If you define an optional on_tool_use method on your callback, it is invoked once per tool-execution round (after the tools run, before the next request is issued) so you can observe intermediate progress.

The loop is capped at PatientLLM::Callback::MAX_TOOL_ITERATIONS (10) iterations per conversation to prevent runaway calls. When the cap is exceeded, your on_error callback is invoked with a PatientHttp::RequestError whose error_type is :max_tool_iterations and whose error_class is PatientLLM::MaxToolIterationsError, so you can handle it alongside transport and HTTP errors.

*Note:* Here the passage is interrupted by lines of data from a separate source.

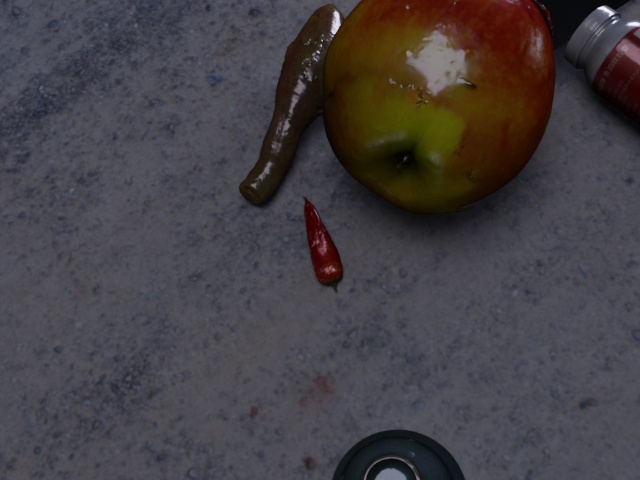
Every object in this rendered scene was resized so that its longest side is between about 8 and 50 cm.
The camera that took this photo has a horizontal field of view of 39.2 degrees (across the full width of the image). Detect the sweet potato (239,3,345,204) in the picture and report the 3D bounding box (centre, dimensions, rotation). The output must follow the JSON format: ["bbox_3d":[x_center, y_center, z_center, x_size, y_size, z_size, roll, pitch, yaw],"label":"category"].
[{"bbox_3d":[-0.032,-0.238,1.506,0.109,0.109,0.385,16,71,14],"label":"sweet potato"}]

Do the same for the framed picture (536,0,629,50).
[{"bbox_3d":[0.410,-0.474,1.446,0.338,0.014,0.255,-35,109,-26],"label":"framed picture"}]

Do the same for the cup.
[{"bbox_3d":[0.101,0.342,1.212,0.199,0.150,0.199,-3,67,7],"label":"cup"}]

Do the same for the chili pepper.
[{"bbox_3d":[0.000,0.000,1.438,0.045,0.027,0.178,-16,64,2],"label":"chili pepper"}]

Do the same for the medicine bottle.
[{"bbox_3d":[0.515,-0.257,1.416,0.131,0.131,0.250,-41,68,-10],"label":"medicine bottle"}]

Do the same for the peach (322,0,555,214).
[{"bbox_3d":[0.182,-0.231,1.345,0.369,0.370,0.370,-3,67,7],"label":"peach"}]

[!NOTE] Tool handlers execute synchronously inside the callback worker (e.g. a Sidekiq job). Keep handlers fast to avoid blocking the worker pool. If a tool needs to do slow work (external API calls, heavy queries), consider offloading that work and using HaltError to stop the auto-loop.

Halting the loop

Raise PatientLLM::HaltError from a tool handler to stop the auto-loop and surface custom content as the final assistant message:

PromptBuilder.tool_registry.register("auth", description: "Authenticate", parameters: {...}) do |args|
  unless AuthService.valid?(args["token"])
    raise PatientLLM::HaltError.new(content: "Authentication failed.")
  end
  AuthService.session_info(args["token"])
end

Serializing Conversations

Sessions can be serialized to JSON for storage and later restored:

# Initial request
session = PromptBuilder::Session.new(model: "gpt-4o")
session.instructions = "You are a helpful assistant."
session.user("Hello!")

PatientLLM.ask(session, provider: :openai, callback: LLMCallback,
  callback_args: {conversation_id: conversation.id})

# In your callback, save the state (response is already in the session):
def on_complete(session:, callback_args:, **)
  save_to_database(callback_args[:conversation_id], session.to_h)
end

# Later, restore and continue:
session_data = load_from_database(conversation_id)
session = PromptBuilder::Session.from_h(session_data)
session.user("Tell me more about that.")

PatientLLM.ask(session, provider: :openai, callback: LLMCallback,
  callback_args: {conversation_id: conversation_id})

Installation

This gem is not yet published to RubyGems. Add it from GitHub:

gem "patient_llm", github: "bdurand/patient_llm"

Then execute:

$ bundle

Contributing

Open a pull request on GitHub.

Please use the standardrb syntax and lint your code with standardrb --fix before submitting.

License

The gem is available as open source under the terms of the MIT License.